PROBLEM:
Once you find the line with "Answer: Yes What" in the entries below, return exactly every line from it through the line with "Answer: 2 What".

PROVIDED ENTRIES:
↓

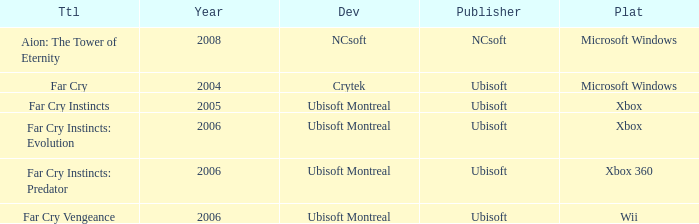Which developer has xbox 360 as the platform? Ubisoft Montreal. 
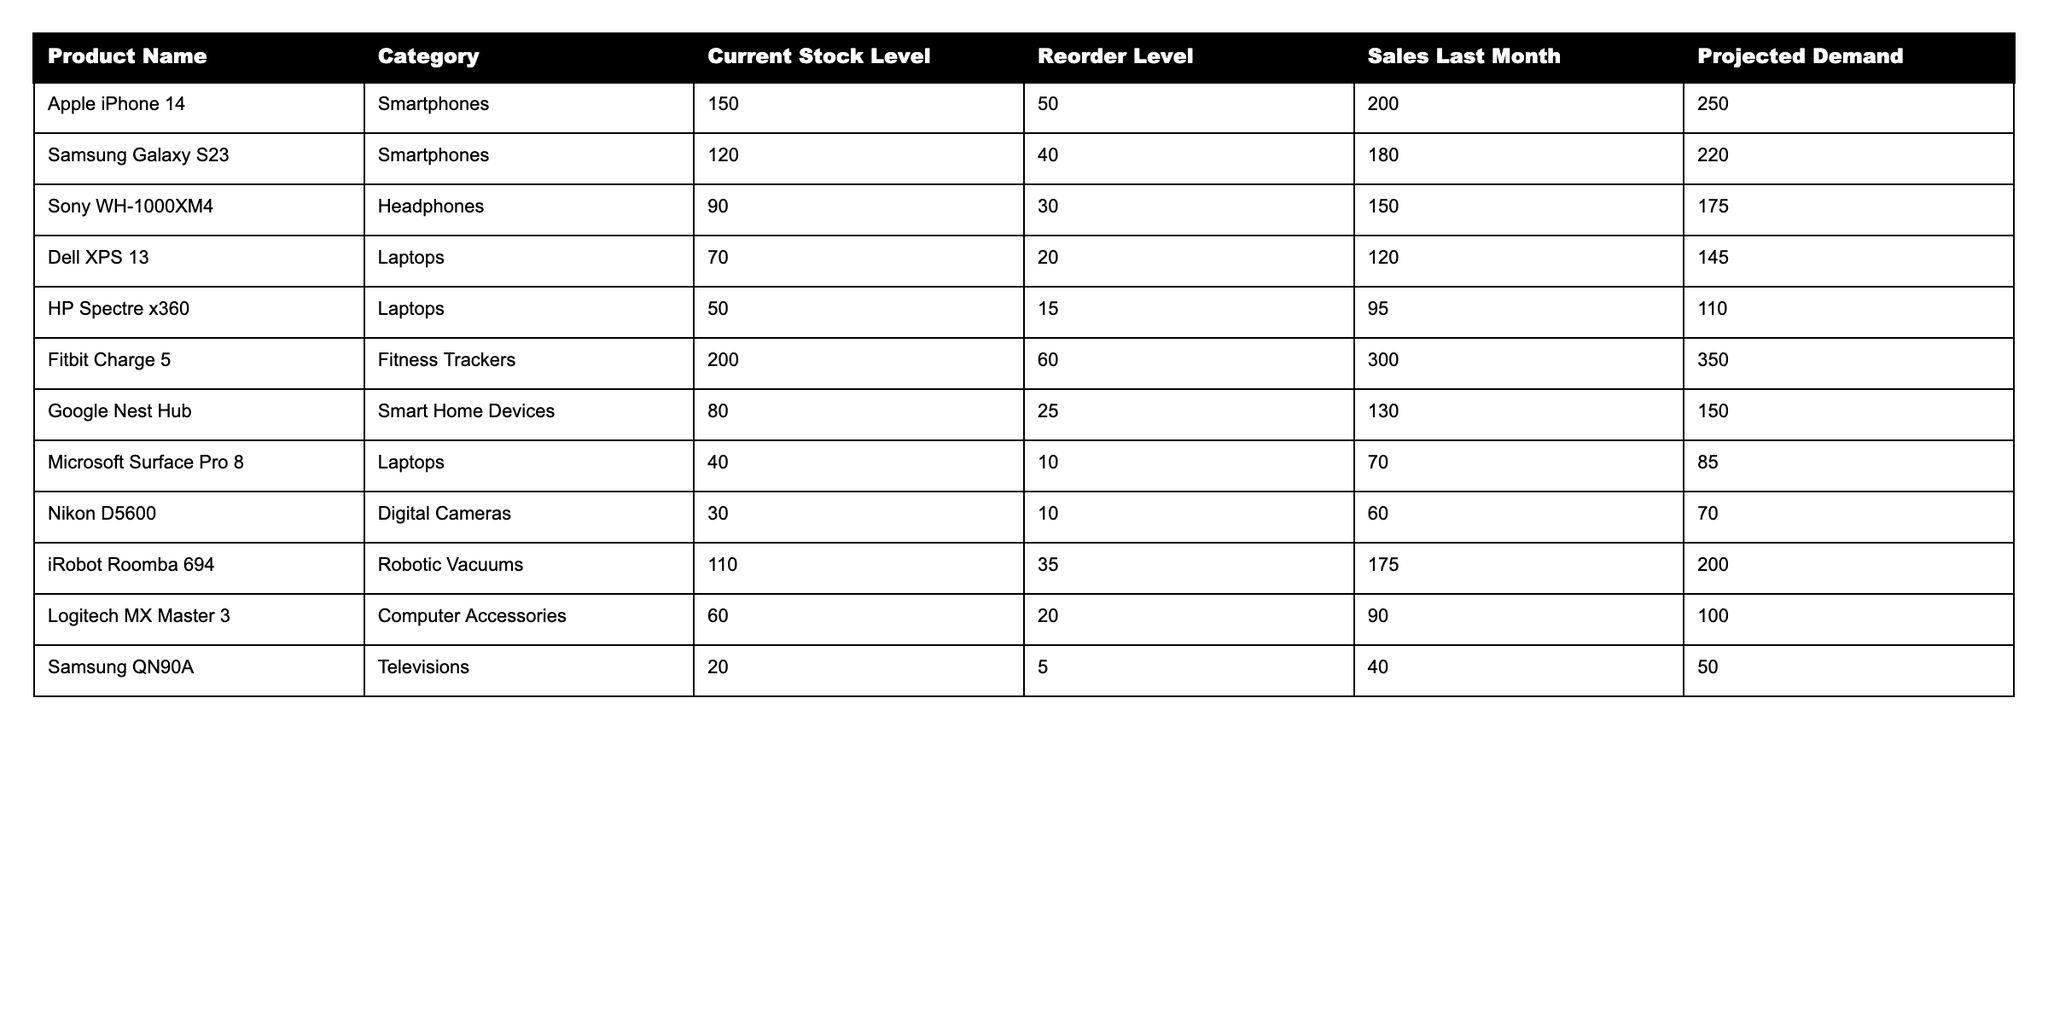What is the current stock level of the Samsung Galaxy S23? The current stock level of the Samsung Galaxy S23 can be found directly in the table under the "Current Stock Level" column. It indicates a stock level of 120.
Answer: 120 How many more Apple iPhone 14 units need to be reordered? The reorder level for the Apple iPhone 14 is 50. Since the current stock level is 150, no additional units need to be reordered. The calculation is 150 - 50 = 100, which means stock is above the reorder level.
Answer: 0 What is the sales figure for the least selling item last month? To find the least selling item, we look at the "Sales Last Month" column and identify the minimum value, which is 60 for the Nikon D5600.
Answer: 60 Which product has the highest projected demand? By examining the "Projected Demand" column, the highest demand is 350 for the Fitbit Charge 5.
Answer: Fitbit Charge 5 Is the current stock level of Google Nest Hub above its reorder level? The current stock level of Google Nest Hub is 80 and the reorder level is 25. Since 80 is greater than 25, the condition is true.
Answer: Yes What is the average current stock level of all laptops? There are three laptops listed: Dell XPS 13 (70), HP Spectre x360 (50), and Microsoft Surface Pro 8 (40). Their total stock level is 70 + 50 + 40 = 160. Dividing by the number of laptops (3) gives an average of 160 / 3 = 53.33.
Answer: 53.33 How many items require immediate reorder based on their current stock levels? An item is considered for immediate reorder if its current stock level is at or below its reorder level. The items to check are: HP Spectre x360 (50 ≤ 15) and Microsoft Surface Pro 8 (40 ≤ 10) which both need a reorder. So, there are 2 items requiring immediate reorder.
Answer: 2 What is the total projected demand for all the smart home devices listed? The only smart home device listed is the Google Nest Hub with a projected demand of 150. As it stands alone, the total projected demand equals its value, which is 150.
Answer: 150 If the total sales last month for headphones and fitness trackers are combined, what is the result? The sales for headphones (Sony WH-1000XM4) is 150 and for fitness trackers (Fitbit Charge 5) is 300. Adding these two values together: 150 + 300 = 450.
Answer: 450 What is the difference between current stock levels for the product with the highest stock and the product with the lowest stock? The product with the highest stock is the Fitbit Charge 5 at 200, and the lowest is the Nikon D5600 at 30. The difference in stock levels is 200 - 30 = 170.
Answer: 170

↑

SOLUTION:
Answer: Yes What is the average current stock level of all laptops? There are three laptops listed: Dell XPS 13 (70), HP Spectre x360 (50), and Microsoft Surface Pro 8 (40). Their total stock level is 70 + 50 + 40 = 160. Dividing by the number of laptops (3) gives an average of 160 / 3 = 53.33.
Answer: 53.33 How many items require immediate reorder based on their current stock levels? An item is considered for immediate reorder if its current stock level is at or below its reorder level. The items to check are: HP Spectre x360 (50 ≤ 15) and Microsoft Surface Pro 8 (40 ≤ 10) which both need a reorder. So, there are 2 items requiring immediate reorder.
Answer: 2 What is the total projected demand for all the smart home devices listed? The only smart home device listed is the Google Nest Hub with a projected demand of 150. As it stands alone, the total projected demand equals its value, which is 150.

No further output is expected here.